### YOUR TASK
Images embedded in the records are excluded; print everything else exactly as given.

### ENTRIES PROVIDED
* * *

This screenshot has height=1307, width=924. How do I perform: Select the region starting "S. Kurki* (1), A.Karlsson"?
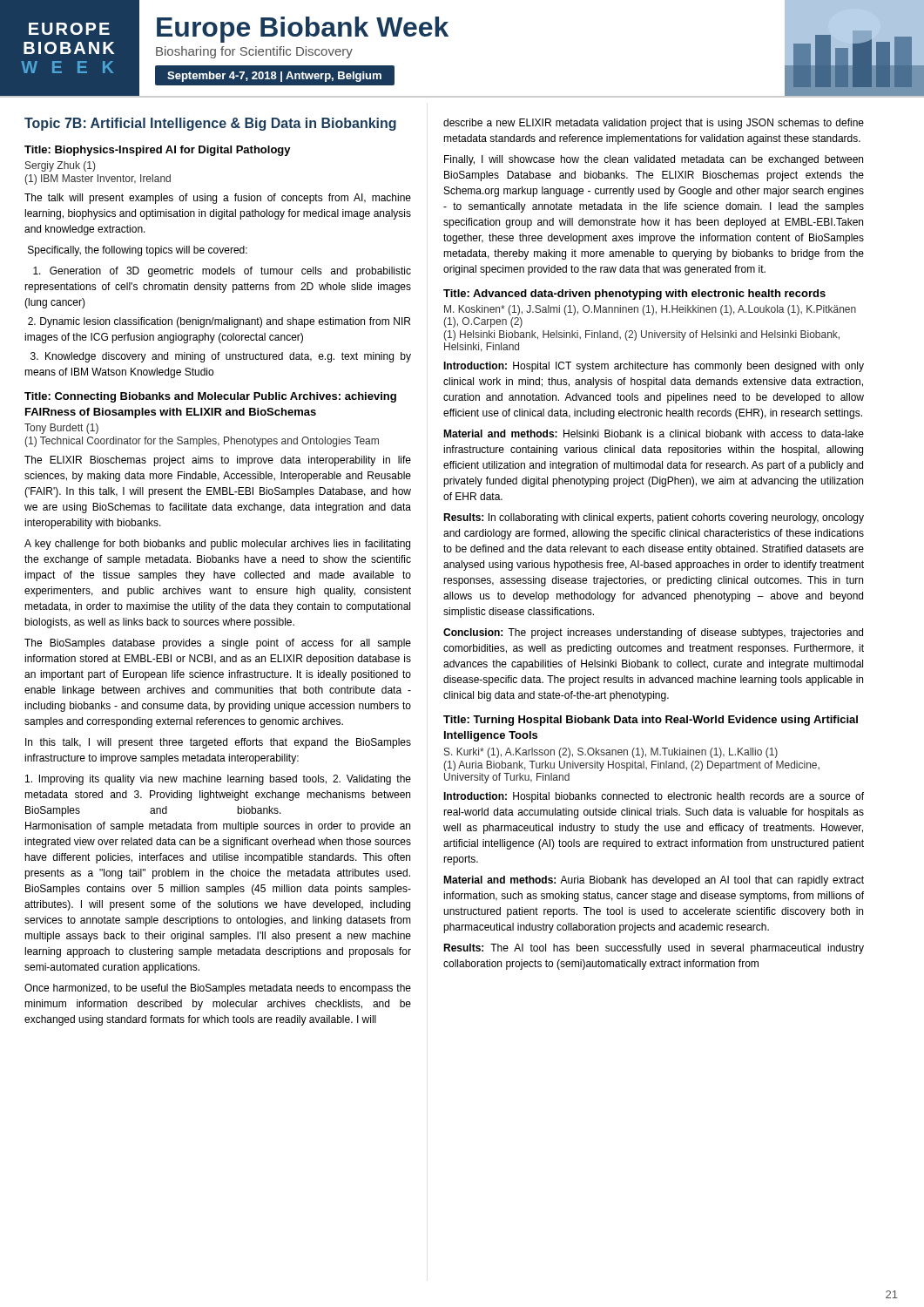pos(611,752)
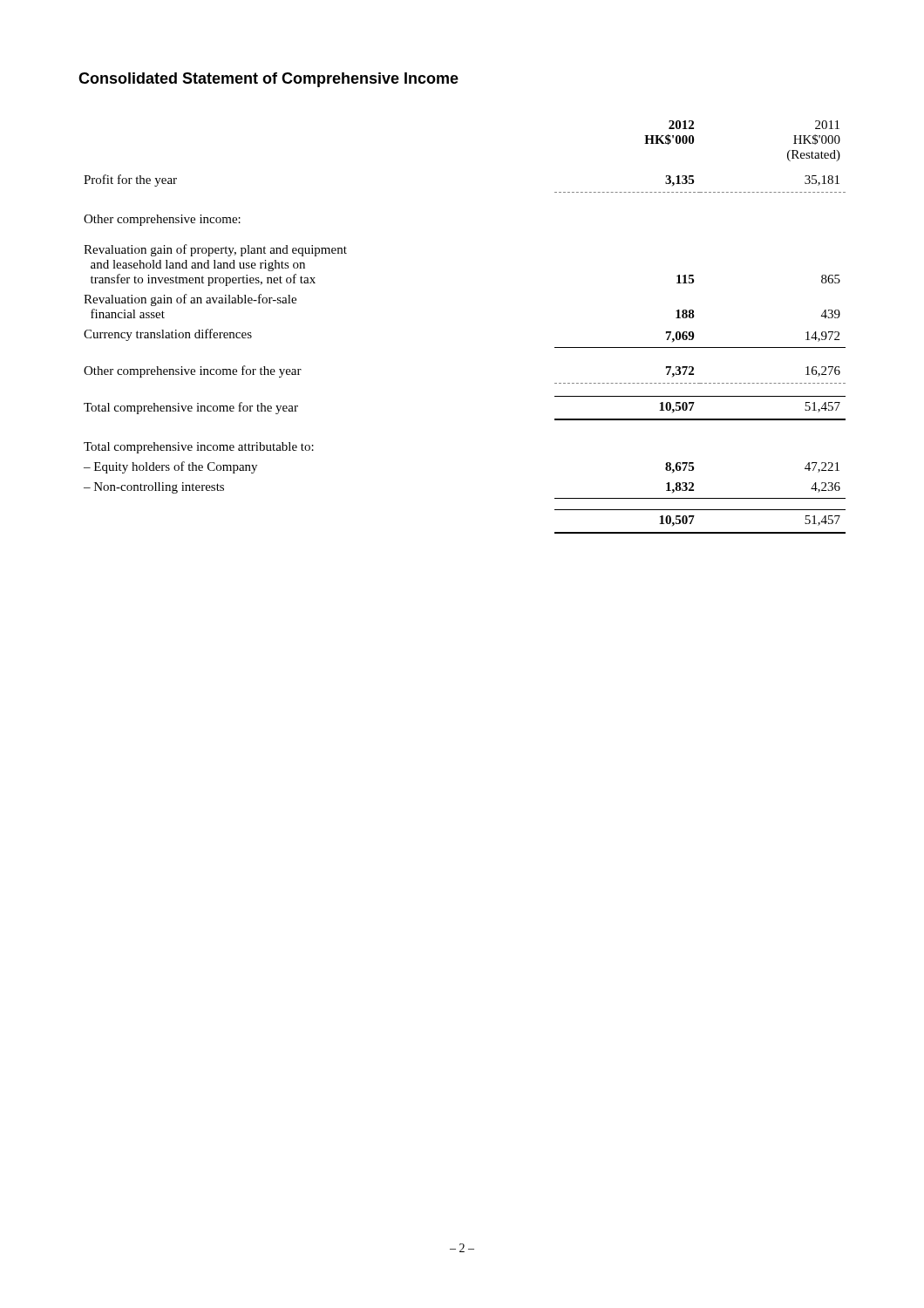Viewport: 924px width, 1308px height.
Task: Click on the table containing "Currency translation differences"
Action: 462,324

* * *

### TASK RESULT
This screenshot has height=1307, width=924. How do I perform: Select the region starting "S. Kurki* (1), A.Karlsson"?
pos(611,752)
Viewport: 924px width, 1308px height.
Task: Click on the table containing "Currency translation differences"
Action: 462,324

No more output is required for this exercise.